Наградив счастливца благодатной склонностью и не внушив, как этим даром обходиться, природа оказала ему дурную услугу.
Так называемому таланту присваивают обычно духовную сущность, в отличие от способностей, проистекающих от ремесла. А где грань, отделяющая одаренную балерину от акробата, восточную танцовщицу, мастерицу причудливой пляски рук, — от метательницы диска; балетного артиста — от спортсмена, преодолевающего значительные препятствия, конькобежца, поражающего своей неутомимостью и искусством соразмерять каждое движение? Нельзя, наконец, отказать в одаренности и умельцу, подковавшему блоху…
Способность, определяемая как талант, — универсальна. Любой орган, мышца и кость скелета может быть отмечена этим дарованием. Не с точки зрения психологии, а физиологии следует рассматривать талант. И силы, запрятанные в мышцах, и ум покорны выношенной в муках творческой мечте. Как и всякая другая функция организма, одаренность гибнет без труда.
Если бы искусство играть на музыкальном инструменте, писать книги, вести спортивные игры было бы нечто большее, чем склонность, вряд ли бы понадобились повседневные упражнения, труд, длящийся годами и десятилетиями. Ведь недостаток тренировки приводит к частичной и даже полной утрате дарования.
Что дарование не что иное, как физиологическая особенность, легко убедиться, наблюдая труд музыканта. У пианиста и скрипача правая и левая рука одинаково искусны, ни художник, ни писатель, ни ремесленник и ученый не похвастают этим, их искусство доступно лишь правой руке. Левую не обучили тому, чему обучили правую. Рука, не усвоившая знания, видимо, не запоминает его. Руки пианиста и скрипача не только приобрели опыт, но и частичную независимость от центральной нервной системы. Сказалось такое же примерно приноровление, как у кассира, способного выловить среди сотен и тысяч ассигнаций одну иной стоимости, чуть меньшей плотности. Не потому ли так трудно усваиваются знания, запечатленные в руках, и нужна непрерывная тренировка, что органы запоминания — нервные связи рук — уступают мозгу в совершенстве? Ведь школьники и ученые не повторяют ежедневно азы науки или, позабыв одну из частностей, не воспроизводят ее в памяти неделями и годами.
ГЛАВА ДВАДЦАТЬ ПЕРВАЯ
Случилось, что проблема любви вновь заставила меня призадуматься. Причиной послужило одно из моих выступлений перед аудиторией инженеров. Меня предупредили, что со мной хотят поспорить о сущности и характере любви и мне следует к этому быть готовым.

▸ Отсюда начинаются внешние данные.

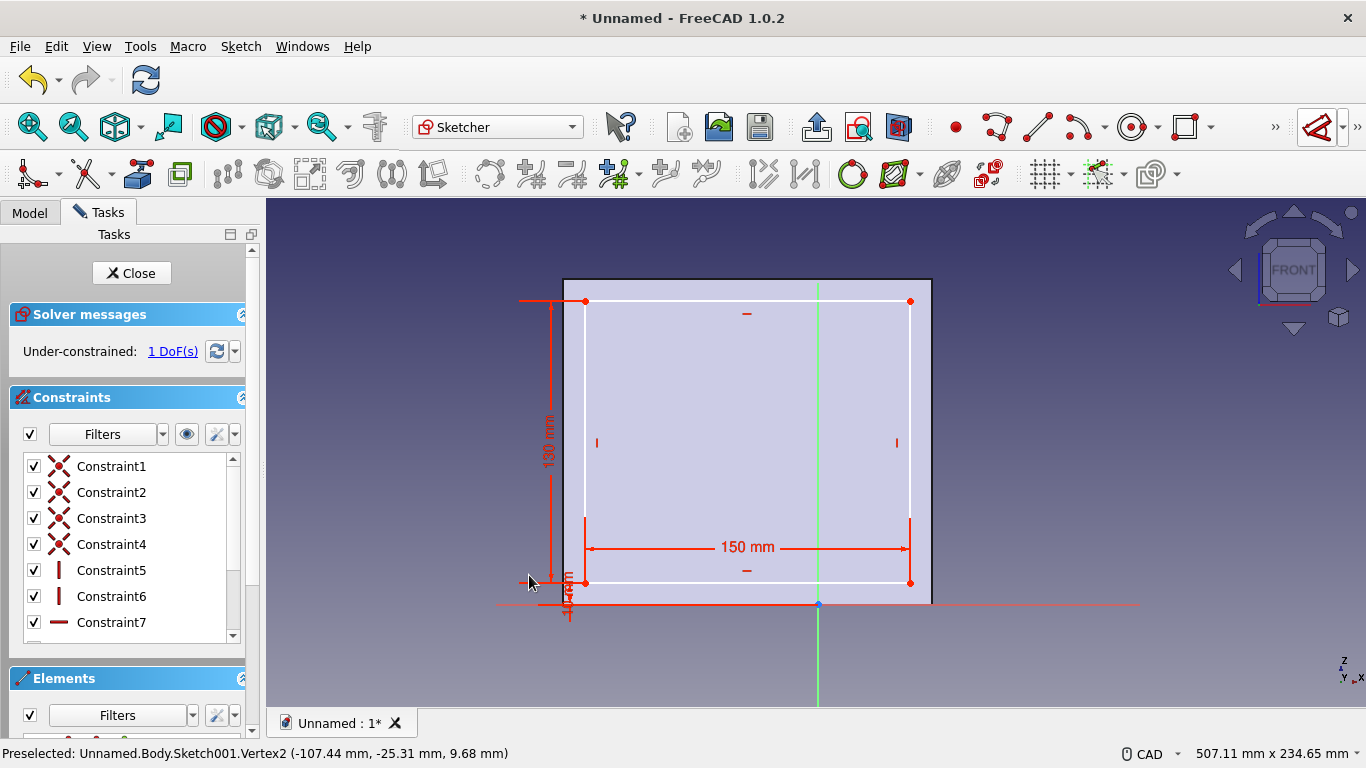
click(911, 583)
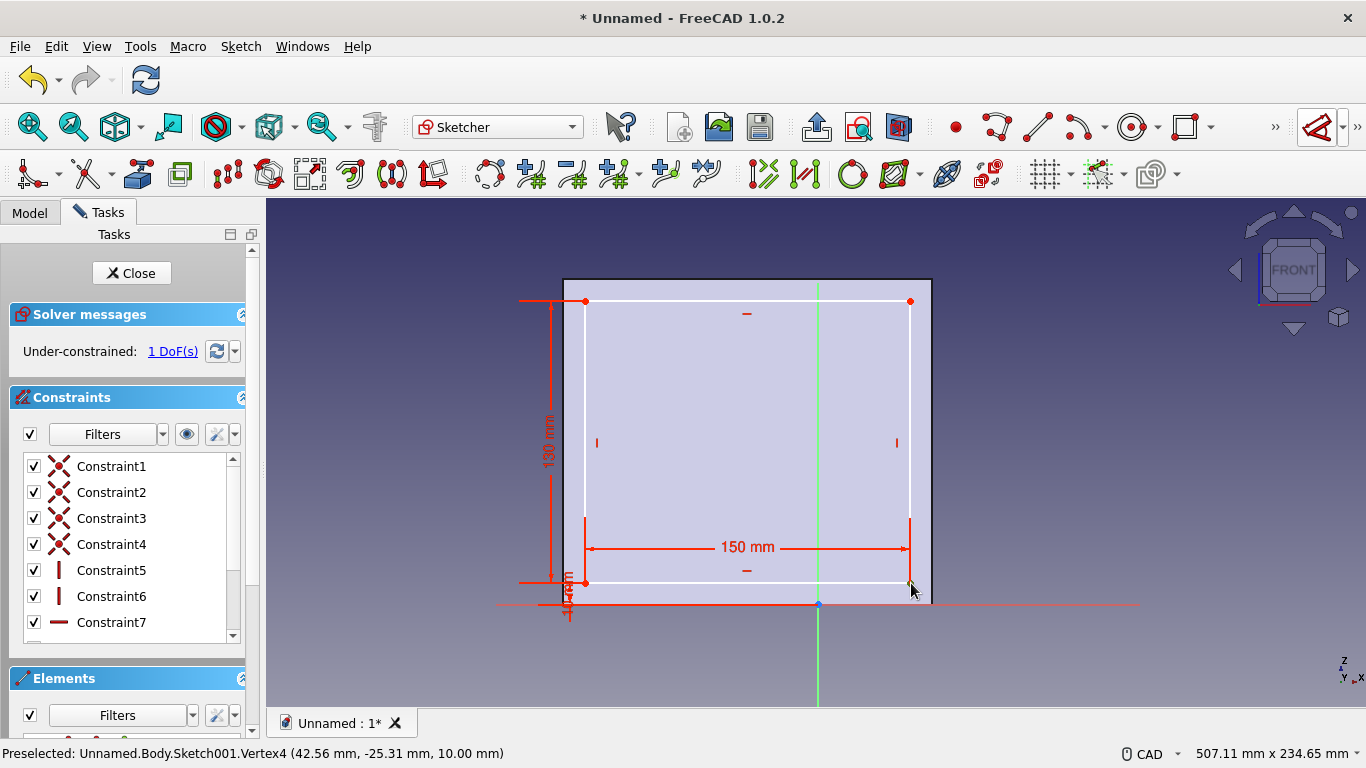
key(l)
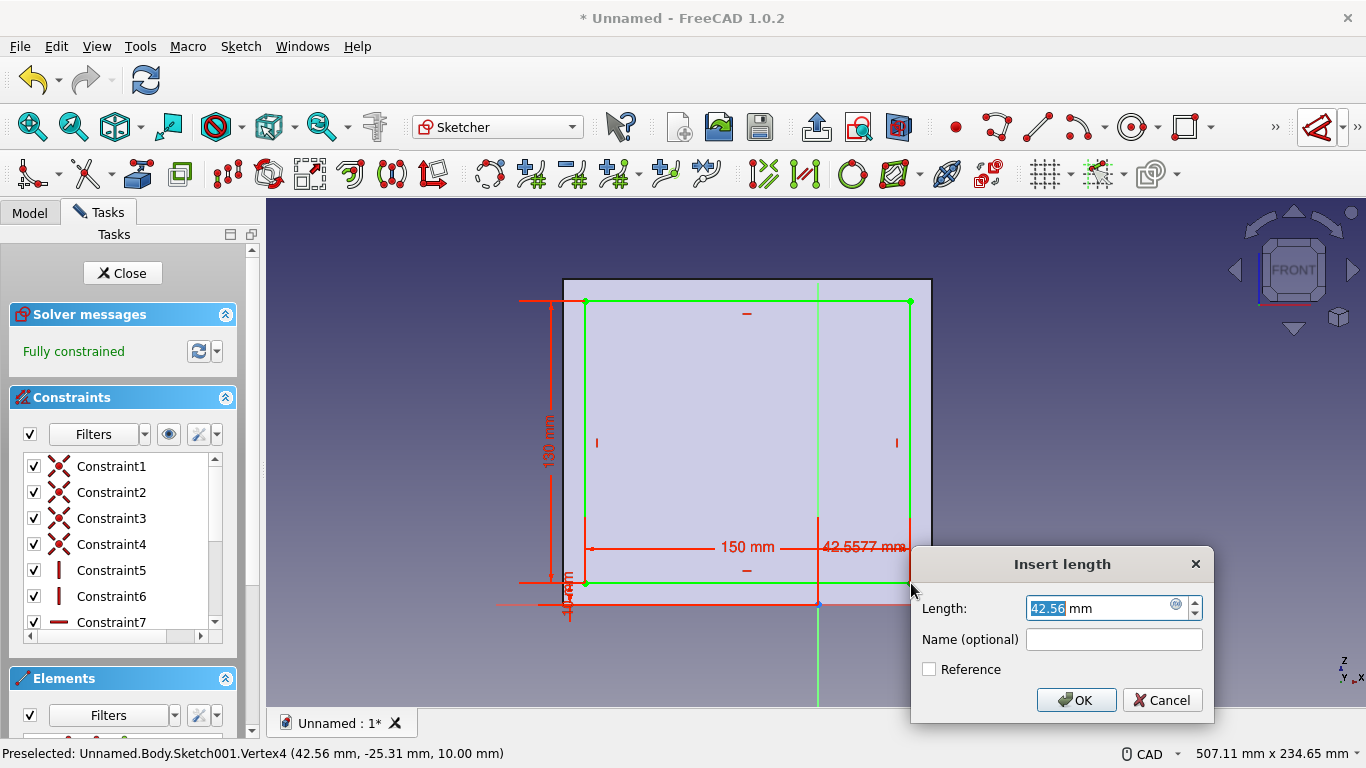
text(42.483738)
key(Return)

Инженеры внимательно выслушали меня и после короткого перерыва сразу же засыпали вопросами.
— Мне кажется, — осторожно заметил сидевший в первом ряду средних лет инженер, — что вы напрасно выделили любовь из общего круга человеческих чувств и отметили ее печатью исключительности. Пусть она подвержена своим законам развития и выполняет некую особую миссию, но проявления ее не могут отличаться от многих других страстей. Не будучи искусственно подогретой, любовь спокойно течет в своих берегах, на время может подавить другие чувства или сама подчиниться им…
— Сколько ни связывали бы любовь с наваждением, — вторил первому кто-то из задних рядов, — с чувством, принудительно навязанным извне, одно несомненно: первые признаки его рождаются в сознании, именно там. Пока влюбленными не овладеет страсть, они трезво взвешивают хорошее и дурное друг в друге, здраво приемлют одно и отвергают другое. Загадочным становится их поведение, когда любовь из сознания переселяется туда, где разум бессилен и царит произвол, но что исключительного в таком состоянии? Разве обычные чувства не вырываются из своих границ, чтобы обрести силу страсти? История науки, искусства и спорта полна примерами, когда случайно возникший интерес к музыке, знаниям или играм перерастал в страсть и в жестокую необходимость. И любовному чувству свойствен накал от обычного интереса до тяготения и страсти.